1. Field of the Invention
This invention relates to a data transferring method for transferring data detected by a plurality of sensors to a detected data receiver. In particular, this method is applied where a plurality of sensors are connected to a bus connection type serial communication network, and achieves efficient transfer of data detected by these sensors to a detected data receiver.
2. Description of the Prior Art
FIG. 6 is a diagram showing the structure of a device for controlling the position of a movable table. This structure is commonly applied to the devices employing a conventional data transferring method (described later) and the data transferring method of the present invention.
As shown in the drawing, a plurality of sensors are used in this structure so as to ensure accurate control of the position. For instance, a motor 5 is provided with a rotary encoder 1, which is a sensor for detecting the rotation position and speed of the rotor shaft 6 of the motor 5. The rotor shaft 6 is directly connected to a ball screw 7, so that the table is moved linearly due to the rotation of the ball screw 7. The linear movement of the table 8 is detected by another sensor, i.e., a linear encoder 2. For more accurate positional control, a temperature sensor 3 is provided. According to the temperature measured by this sensor 3, the expansion rate of the ball screw 7 is taken into consideration in the control. These sensors are all connected to a bus connection type serial communication network 9, so that detected data are transferred to a servo motor controller 4 via the serial communication network 9. The servo motor controller 4 controls the position of the table 8 based on the data detected by the above sensors. Conventionally, detected data transferring has been controlled by means of exchanging communication data as shown in the timing charts of FIG. 7 or 8, in which the time axis extends to the right.
In the method relating to the timing chart of FIG. 7, the servo motor controller 4 sequentially transmits detected data transfer request commands R1, R2, and R3 to the respective sensors for polling. That is, the servo motor controller 4 waits for the completion of detected data transferring by any one of the sensors before it transmits another transfer request command to the next sensor. With this arrangement, signal collision in the network is prevented. In this method of transmission, transfer request commands R1, R2, and R3 respectively addressing the rotor encoder 1, a linear encoder 2, and the temperature sensor 3 and detected data SD1, SD2, and SD3 respectively outputted by those sensors are sequentially and alternately transmitted via the serial communication network 9.

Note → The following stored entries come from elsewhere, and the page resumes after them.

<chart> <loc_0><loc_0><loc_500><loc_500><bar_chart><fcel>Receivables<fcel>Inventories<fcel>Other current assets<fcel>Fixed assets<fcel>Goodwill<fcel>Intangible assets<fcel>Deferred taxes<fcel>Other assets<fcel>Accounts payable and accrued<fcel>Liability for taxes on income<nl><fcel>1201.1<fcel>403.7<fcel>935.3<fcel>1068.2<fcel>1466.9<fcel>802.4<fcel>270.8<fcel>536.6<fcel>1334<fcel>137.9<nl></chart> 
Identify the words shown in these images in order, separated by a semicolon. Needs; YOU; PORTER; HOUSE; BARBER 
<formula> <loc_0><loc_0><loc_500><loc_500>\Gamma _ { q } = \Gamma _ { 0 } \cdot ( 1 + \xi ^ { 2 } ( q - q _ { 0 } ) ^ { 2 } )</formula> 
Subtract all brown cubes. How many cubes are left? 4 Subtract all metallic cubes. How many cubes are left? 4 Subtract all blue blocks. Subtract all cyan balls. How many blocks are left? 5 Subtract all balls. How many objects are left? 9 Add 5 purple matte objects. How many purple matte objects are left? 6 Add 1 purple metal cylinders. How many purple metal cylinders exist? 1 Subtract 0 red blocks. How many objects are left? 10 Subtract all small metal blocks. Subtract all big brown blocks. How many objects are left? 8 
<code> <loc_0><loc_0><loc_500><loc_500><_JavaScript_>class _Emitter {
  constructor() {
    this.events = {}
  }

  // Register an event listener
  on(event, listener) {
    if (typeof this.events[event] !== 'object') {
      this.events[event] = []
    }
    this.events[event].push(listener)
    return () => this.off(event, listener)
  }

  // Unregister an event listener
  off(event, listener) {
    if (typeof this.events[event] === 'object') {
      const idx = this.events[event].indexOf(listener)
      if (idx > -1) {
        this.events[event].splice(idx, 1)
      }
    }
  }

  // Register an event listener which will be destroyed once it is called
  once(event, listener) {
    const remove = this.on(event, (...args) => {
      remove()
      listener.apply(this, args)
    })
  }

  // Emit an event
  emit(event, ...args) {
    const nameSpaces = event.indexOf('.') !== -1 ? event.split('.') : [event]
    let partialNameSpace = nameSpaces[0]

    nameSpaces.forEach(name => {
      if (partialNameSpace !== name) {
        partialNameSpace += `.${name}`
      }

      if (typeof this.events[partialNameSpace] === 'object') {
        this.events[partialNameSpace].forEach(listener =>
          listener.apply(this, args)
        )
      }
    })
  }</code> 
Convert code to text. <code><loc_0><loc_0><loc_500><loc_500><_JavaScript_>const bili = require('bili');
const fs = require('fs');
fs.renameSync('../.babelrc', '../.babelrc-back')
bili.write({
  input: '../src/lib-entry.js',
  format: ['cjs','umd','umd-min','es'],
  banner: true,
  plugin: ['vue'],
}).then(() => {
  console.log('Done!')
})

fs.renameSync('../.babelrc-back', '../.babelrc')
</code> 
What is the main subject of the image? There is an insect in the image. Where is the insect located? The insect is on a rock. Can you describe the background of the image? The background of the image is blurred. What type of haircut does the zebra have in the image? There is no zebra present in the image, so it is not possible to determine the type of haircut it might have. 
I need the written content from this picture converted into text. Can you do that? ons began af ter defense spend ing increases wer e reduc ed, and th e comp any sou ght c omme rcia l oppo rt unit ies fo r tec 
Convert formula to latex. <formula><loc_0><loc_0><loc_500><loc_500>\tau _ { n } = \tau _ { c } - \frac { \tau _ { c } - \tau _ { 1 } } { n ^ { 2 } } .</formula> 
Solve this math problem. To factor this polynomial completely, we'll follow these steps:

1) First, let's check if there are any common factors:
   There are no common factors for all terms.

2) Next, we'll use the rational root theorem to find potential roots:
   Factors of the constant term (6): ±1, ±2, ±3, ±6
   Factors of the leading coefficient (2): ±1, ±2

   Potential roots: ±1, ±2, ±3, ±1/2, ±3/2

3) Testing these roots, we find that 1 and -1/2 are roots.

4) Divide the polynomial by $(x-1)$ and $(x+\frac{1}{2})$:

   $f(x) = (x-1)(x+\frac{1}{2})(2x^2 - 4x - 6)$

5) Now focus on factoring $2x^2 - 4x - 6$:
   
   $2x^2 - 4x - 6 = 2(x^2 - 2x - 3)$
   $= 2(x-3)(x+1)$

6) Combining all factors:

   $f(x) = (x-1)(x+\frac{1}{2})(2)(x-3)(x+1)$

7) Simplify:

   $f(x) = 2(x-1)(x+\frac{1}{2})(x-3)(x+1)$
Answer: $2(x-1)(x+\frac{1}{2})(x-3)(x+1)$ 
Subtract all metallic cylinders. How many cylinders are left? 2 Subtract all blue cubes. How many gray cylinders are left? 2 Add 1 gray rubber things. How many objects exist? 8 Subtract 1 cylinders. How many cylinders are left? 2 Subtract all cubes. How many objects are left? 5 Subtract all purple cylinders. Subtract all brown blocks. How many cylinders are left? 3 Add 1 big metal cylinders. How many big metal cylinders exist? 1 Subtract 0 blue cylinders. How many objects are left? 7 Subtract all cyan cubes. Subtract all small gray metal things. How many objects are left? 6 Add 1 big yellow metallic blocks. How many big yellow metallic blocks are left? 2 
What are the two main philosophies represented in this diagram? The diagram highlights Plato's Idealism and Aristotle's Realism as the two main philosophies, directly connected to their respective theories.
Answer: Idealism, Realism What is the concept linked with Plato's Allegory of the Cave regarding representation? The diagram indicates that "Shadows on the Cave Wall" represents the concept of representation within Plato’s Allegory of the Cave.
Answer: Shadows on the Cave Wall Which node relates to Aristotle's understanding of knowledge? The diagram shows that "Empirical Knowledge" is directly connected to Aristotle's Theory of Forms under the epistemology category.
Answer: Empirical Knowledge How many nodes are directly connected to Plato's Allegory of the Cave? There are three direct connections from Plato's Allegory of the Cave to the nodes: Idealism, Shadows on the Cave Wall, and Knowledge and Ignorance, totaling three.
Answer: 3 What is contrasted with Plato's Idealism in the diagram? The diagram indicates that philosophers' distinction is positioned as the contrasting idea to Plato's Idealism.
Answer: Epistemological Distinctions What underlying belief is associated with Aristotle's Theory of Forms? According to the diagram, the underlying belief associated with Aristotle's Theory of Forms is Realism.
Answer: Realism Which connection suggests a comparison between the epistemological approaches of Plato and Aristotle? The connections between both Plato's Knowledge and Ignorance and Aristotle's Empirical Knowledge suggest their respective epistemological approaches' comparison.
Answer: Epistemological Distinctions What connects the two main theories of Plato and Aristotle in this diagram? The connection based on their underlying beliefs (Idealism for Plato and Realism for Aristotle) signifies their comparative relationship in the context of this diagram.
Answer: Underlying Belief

In the method relating to the timing chart shown in FIG. 8, all of the sensors are set beforehand with data on a required elapsed time from the receipt of a command RQ to the start of transferring detected data. In this event, elapsed times T1, T2, and T3 for respective sensors are determined different from one another and, moreover, they need to be somewhat long so as to secure sufficient time to prevent collision of transferring data in the network. In this method of transmission, when the servo motor controller 4 outputs one transfer request command RQ to the serial communication network 9, all of the sensors involved, i.e., the rotary encoder 1, the linear encoder 2, and the temperature sensor 3, detect this command RQ, and output, in this order, detected data SD1, SD2, and SD3 in time T1, T2, and T3, respectively.
The transferring method relating to FIG. 7 is advantageous in that the transfer procedure of detected data can be flexibly changed since transfer request commands are transmitted individually to the respective sensors. However, frequent transmission of such commands results in the problem of imposing a heavy load on a detected data receiver, or the servo motor controller 4. More seriously, a high occupancy rate of transfer request commands in a network causes a drop in the efficiency of transferring detected data.
The transferring method relating to FIG. 8, on the other hand, lacks flexibility because detected data must be transmitted from the respective sensors only in a predetermined order, although it can result in a reduced rate of transmission of transfer request commands. Still more seriously, since a preset time for each sensor is defined as a rather long time in order to prevent data collision in the network, transmission efficiency cannot be improved as much as would be expected, in spite of reduced number of command transmissions.